#### [Entries shown]
• • •
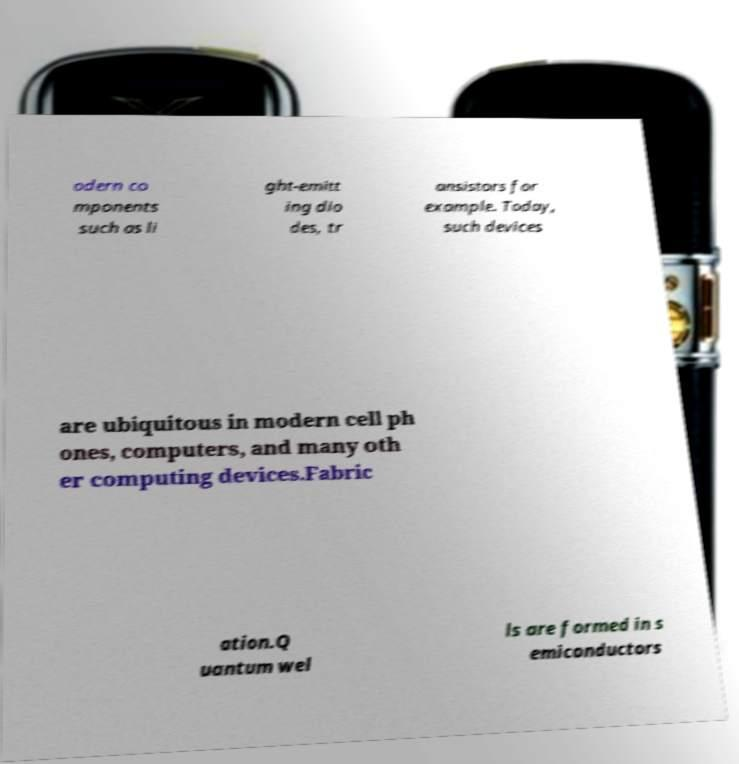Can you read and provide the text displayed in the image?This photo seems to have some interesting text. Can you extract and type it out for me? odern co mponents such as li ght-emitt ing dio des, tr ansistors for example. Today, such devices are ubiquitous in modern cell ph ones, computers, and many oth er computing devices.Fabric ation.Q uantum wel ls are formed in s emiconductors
• • •
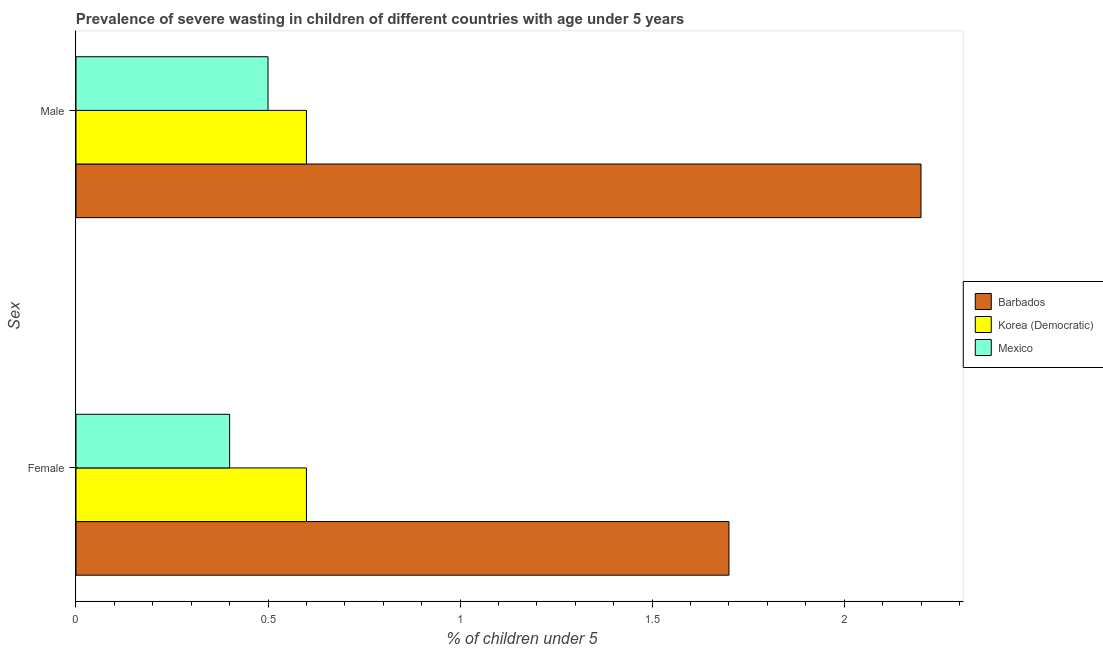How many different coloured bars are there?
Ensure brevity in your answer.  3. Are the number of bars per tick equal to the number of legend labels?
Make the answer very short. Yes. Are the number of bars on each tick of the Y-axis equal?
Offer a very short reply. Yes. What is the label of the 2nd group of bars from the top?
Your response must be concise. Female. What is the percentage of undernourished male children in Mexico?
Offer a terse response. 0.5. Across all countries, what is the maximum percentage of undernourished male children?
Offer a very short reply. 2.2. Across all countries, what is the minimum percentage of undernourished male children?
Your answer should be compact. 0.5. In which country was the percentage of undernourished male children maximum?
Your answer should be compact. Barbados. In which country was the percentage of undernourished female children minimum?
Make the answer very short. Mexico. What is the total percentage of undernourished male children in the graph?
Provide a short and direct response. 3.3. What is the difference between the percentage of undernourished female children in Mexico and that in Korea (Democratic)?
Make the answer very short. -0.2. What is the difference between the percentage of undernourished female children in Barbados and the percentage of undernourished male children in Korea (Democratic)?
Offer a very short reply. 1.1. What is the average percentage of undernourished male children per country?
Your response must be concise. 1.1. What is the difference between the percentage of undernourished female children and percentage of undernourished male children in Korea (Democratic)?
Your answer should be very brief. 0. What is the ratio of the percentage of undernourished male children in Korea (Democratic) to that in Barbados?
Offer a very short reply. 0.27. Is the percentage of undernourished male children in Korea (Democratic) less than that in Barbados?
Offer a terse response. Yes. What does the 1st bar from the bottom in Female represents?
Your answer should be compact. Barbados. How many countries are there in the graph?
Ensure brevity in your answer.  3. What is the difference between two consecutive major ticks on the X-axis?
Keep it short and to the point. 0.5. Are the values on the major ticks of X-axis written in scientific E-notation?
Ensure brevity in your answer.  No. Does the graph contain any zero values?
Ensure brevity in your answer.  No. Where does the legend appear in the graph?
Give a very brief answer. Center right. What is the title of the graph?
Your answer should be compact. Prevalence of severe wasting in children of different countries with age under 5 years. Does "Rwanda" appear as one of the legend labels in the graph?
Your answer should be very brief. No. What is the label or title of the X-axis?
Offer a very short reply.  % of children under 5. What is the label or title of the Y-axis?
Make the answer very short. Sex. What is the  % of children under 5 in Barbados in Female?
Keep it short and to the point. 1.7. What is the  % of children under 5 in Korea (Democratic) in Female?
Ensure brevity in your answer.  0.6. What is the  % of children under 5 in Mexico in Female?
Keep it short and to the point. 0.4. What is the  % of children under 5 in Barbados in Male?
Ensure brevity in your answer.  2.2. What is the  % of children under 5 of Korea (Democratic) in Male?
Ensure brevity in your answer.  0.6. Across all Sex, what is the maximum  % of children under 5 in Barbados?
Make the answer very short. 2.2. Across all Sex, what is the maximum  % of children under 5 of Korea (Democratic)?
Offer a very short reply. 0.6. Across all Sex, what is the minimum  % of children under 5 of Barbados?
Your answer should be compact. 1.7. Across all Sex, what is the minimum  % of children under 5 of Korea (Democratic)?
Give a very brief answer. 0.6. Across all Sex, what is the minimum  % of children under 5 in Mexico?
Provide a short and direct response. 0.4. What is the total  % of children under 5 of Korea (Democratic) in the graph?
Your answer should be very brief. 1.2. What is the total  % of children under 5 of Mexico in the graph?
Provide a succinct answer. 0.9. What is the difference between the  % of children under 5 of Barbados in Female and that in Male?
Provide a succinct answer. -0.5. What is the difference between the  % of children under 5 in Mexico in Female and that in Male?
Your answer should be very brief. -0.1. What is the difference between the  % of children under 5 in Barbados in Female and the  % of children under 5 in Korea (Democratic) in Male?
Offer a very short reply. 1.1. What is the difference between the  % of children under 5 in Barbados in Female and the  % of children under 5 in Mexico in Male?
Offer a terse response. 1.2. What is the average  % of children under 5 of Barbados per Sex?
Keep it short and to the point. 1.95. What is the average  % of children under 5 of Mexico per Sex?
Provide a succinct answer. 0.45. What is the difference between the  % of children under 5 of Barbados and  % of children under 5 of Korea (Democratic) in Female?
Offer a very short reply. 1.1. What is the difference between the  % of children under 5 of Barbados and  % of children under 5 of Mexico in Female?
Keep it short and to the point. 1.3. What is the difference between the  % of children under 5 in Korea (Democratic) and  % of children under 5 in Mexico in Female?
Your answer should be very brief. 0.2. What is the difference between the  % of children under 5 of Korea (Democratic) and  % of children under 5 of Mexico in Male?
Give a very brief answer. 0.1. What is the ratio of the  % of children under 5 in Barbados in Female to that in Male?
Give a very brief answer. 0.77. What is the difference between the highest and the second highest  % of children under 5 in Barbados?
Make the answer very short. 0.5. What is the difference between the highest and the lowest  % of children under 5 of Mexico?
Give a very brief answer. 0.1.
• • •
Every line above in which the word "average" is present must be copied into the answer.

#### [Written answer]
Offer a very short reply. 1.1. What is the average percentage of undernourished male children per country?
Offer a terse response. 1.2. What is the average  % of children under 5 of Barbados per Sex?
Keep it short and to the point. 1.95. What is the average  % of children under 5 of Mexico per Sex?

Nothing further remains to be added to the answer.